The 1918 flu pandemic and the ensuing vastly increased number of admissions, severely overstretched the hospital's capacity and it was only the assistance of voluntary nurses which allowed the regular staff to cope. By the early 1920s the hospital could accommodate 434 patients. 1925 saw a severe outbreak of smallpox and Lodge Moor was stretched to overcapacity, so much so that the nearby Redmires Army Camp was utilised as an Auxiliary Hospital for isolation cases, using staff and equipment borrowed from Lodge Moor. Redmires Camp Hospital remained in use until around 1935.

1928 saw further expansion to Lodge Moor with the central 5 and 6 wards and a separation ward built at a cost of £53,000. In 1935 the North 5 and 6 wards were built and the temporary wooden huts, which had served since 1888, were burnt down under the supervision of the Fire Brigade. By 1950 the hospital could accommodate 508 infectious disease patients, in 1953 three wards were converted to a Paraplegic Unit and in 1954 the hospital took on the role of treating the spinal injuries (from road crashes and pit and factory accidents) for the whole of the Sheffield Regional Hospital Board area. In May 1956 the patients from Crimicar Lane Hospital and Commonside Sanatorium were transferred to Lodge Moor when those units were closed by the Sheffield Regional Hospital Board.

===1955 jet crash===
On 9 December 1955 the hospital was hit by a Republic F-84F Thunderstreak aircraft of the United States Air Force. The aircraft had taken off from RAF Sculthorpe in Norfolk on an instrument training flight and had experienced a flameout, a problem which dogged the aircraft throughout its career.
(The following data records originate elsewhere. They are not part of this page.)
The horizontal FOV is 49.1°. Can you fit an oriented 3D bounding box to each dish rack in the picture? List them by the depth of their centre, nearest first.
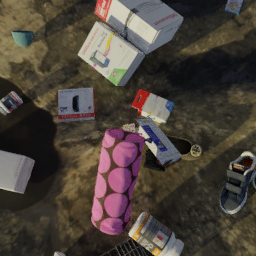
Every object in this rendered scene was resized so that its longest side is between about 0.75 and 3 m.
[{"bbox_3d":[-0.513,5.036,9.117,2.811,0.767,2.156,-27,78,-9],"label":"dish rack"}]

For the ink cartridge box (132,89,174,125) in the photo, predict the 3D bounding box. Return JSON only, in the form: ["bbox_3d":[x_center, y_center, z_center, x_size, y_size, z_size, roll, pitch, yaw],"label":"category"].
[{"bbox_3d":[0.949,-0.821,10.848,1.445,0.486,0.840,24,76,7],"label":"ink cartridge box"}]

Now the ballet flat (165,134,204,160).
[{"bbox_3d":[1.695,0.596,10.424,2.333,0.541,0.786,20,75,5],"label":"ballet flat"}]

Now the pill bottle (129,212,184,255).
[{"bbox_3d":[0.947,3.660,9.351,1.677,0.976,0.976,35,77,10],"label":"pill bottle"}]

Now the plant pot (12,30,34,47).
[{"bbox_3d":[-4.308,-3.682,11.553,0.852,0.852,0.574,3,115,1],"label":"plant pot"}]

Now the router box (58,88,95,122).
[{"bbox_3d":[-2.014,-0.912,10.952,1.372,0.335,1.232,-5,74,-1],"label":"router box"}]

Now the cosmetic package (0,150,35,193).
[{"bbox_3d":[-4.763,1.419,9.956,2.384,1.011,1.283,11,73,5],"label":"cosmetic package"}]

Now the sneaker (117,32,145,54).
[{"bbox_3d":[-0.012,-3.282,11.497,1.493,0.624,0.902,29,67,6],"label":"sneaker"}]

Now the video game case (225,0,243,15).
[{"bbox_3d":[4.690,-5.446,12.354,0.617,0.077,0.862,21,75,6],"label":"video game case"}]

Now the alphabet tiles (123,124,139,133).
[{"bbox_3d":[0.080,0.308,10.753,0.929,0.069,0.950,-7,74,-2],"label":"alphabet tiles"}]

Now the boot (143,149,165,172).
[{"bbox_3d":[1.016,1.187,10.389,0.885,0.327,0.725,14,73,6],"label":"boot"}]

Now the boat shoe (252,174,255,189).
[{"bbox_3d":[5.647,2.436,9.758,2.764,0.860,1.031,39,80,11],"label":"boat shoe"}]

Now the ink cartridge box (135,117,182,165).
[{"bbox_3d":[0.996,0.410,9.770,0.887,0.347,1.872,-8,55,-46],"label":"ink cartridge box"}]

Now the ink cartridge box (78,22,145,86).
[{"bbox_3d":[-0.658,-2.857,10.891,2.102,0.920,1.527,41,111,12],"label":"ink cartridge box"}]

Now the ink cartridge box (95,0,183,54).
[{"bbox_3d":[0.442,-4.455,11.110,2.824,1.170,2.072,42,49,11],"label":"ink cartridge box"}]

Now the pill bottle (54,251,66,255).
[{"bbox_3d":[-2.450,4.692,9.287,0.539,0.539,1.034,20,76,6],"label":"pill bottle"}]

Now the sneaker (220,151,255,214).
[{"bbox_3d":[3.804,1.822,9.784,0.891,0.903,2.273,15,64,43],"label":"sneaker"}]

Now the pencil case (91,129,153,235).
[{"bbox_3d":[-0.239,1.544,8.407,1.356,1.399,2.987,16,102,16],"label":"pencil case"}]

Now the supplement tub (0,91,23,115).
[{"bbox_3d":[-4.578,-0.959,10.831,0.842,0.591,0.591,-41,78,-10],"label":"supplement tub"}]
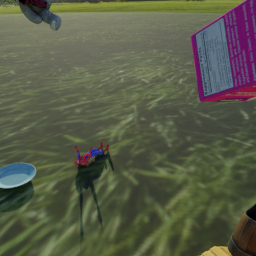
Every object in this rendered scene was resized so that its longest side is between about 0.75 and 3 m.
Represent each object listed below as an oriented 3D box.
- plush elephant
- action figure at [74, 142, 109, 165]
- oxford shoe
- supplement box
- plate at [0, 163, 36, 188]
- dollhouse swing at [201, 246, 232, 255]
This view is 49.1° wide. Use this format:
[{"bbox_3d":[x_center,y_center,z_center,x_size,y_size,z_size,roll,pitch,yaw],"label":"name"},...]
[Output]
[{"bbox_3d":[-2.838,-3.865,7.881,1.901,1.565,1.472,25,14,22],"label":"plush elephant"},{"bbox_3d":[-0.817,0.468,6.056,0.309,0.468,0.946,18,34,32],"label":"action figure"},{"bbox_3d":[2.229,1.275,3.982,1.864,0.787,0.677,-8,26,-38],"label":"oxford shoe"},{"bbox_3d":[1.542,-0.852,2.817,0.867,0.886,1.714,-4,-4,-27],"label":"supplement box"},{"bbox_3d":[-2.215,0.946,5.466,0.823,0.105,0.823,1,26,0],"label":"plate"},{"bbox_3d":[1.225,1.655,2.989,1.420,1.290,1.248,-15,41,-27],"label":"dollhouse swing"}]
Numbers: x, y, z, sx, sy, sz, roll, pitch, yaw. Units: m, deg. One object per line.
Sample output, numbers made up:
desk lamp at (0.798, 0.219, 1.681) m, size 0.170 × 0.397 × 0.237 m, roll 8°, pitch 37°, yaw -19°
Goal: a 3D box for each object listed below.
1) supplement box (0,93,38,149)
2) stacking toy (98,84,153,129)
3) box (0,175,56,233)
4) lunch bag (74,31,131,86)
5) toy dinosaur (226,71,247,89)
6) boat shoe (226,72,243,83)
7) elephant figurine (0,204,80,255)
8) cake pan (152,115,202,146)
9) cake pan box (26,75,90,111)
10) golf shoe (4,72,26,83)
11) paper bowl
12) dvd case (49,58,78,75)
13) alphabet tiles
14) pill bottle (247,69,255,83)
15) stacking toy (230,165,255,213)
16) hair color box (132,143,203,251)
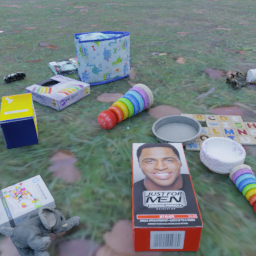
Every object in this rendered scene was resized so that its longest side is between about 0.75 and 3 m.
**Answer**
supplement box at (-3.298, -0.262, 8.516) m, size 0.916 × 0.911 × 1.673 m, roll -10°, pitch 34°, yaw -15°
stacking toy at (-0.144, -0.631, 9.307) m, size 0.927 × 0.927 × 2.172 m, roll 26°, pitch 48°, yaw 34°
box at (-2.390, 1.641, 6.178) m, size 1.276 × 0.263 × 0.994 m, roll -19°, pitch 37°, yaw -28°
lunch bag at (-0.994, -3.000, 11.829) m, size 2.285 × 1.943 × 1.456 m, roll -10°, pitch 35°, yaw -14°
toy dinosaur at (4.580, -1.967, 11.636) m, size 1.422 × 0.547 × 0.727 m, roll -17°, pitch 65°, yaw -41°
boat shoe at (4.580, -2.192, 12.071) m, size 0.923 × 0.314 × 0.332 m, roll -20°, pitch 38°, yaw -28°
elephant figurine at (-1.591, 1.853, 5.359) m, size 0.831 × 0.911 × 1.174 m, roll 3°, pitch 33°, yaw 21°
cake pan at (1.470, 0.088, 8.469) m, size 1.460 × 0.268 × 1.460 m, roll -5°, pitch 32°, yaw 3°
cake pan box at (-2.669, -1.413, 10.729) m, size 1.852 × 0.484 × 1.706 m, roll 21°, pitch 36°, yaw 29°
golf shoe at (-4.909, -2.238, 12.110) m, size 0.930 × 0.361 × 0.439 m, roll -20°, pitch 38°, yaw -30°
paper bowl at (2.423, 0.752, 7.261) m, size 1.095 × 0.569 × 1.095 m, roll 0°, pitch 33°, yaw 0°
dvd case at (-2.620, -2.998, 13.418) m, size 2.033 × 0.224 × 1.484 m, roll -16°, pitch 36°, yaw -24°
alphabet tiles at (2.920, 0.124, 8.688) m, size 2.418 × 0.091 × 2.021 m, roll 2°, pitch 33°, yaw 4°
pill bottle at (5.698, -2.185, 11.705) m, size 1.255 × 0.705 × 0.705 m, roll -2°, pitch 33°, yaw -2°
stacking toy at (2.788, 1.433, 6.321) m, size 0.537 × 0.537 × 1.258 m, roll -4°, pitch 37°, yaw -6°
hair color box at (0.718, 1.353, 6.141) m, size 1.282 × 0.774 × 2.526 m, roll -1°, pitch 32°, yaw 0°
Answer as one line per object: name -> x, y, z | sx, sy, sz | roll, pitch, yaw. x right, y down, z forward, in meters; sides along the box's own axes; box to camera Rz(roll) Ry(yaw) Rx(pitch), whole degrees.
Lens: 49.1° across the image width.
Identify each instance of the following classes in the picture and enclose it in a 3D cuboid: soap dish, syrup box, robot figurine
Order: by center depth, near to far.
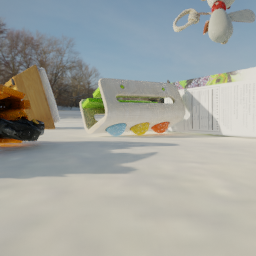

Despite several attempts to restart the engine, the pilot, Roy G. Evans bailed out over the Derbyshire village of Hathersage leaving the aircraft to carry on in flight and hit Lodge Moor Hospital. The aircraft hit the North 1 and 2 wards, tearing the roof off a single story cubicle ward, demolishing a corridor, ploughing 200 feet through a sanitary block, and then bursting into flames on a lawn facing the mortuary. The crash killed one patient, Mrs. Elsie Murdoch of Sheffield and injured seven others.

===Modern times===
Operation of the hospital was transferred from the Sheffield Health Authority (dissolved on 1 April 1992) to the newly created Central Sheffield University Hospitals NHS Trust on 1 November 1991, who continued to operate the hospital until its closure. Shortly after its formation, the Trust decided to merge the operations of Lodge Moor Hospital, located on the outskirts of the city, into its existing sites closer to the city centre. Subsequently, the hospital was closed in September 1994; the infectious diseases and tropical medicine service was moved to the Royal Hallamshire Hospital, while the chest and spinal injuries units were moved to the Northern General Hospital. The main hospital building including the tower has now been integrated into private residential accommodation built by the developers David Wilson Homes.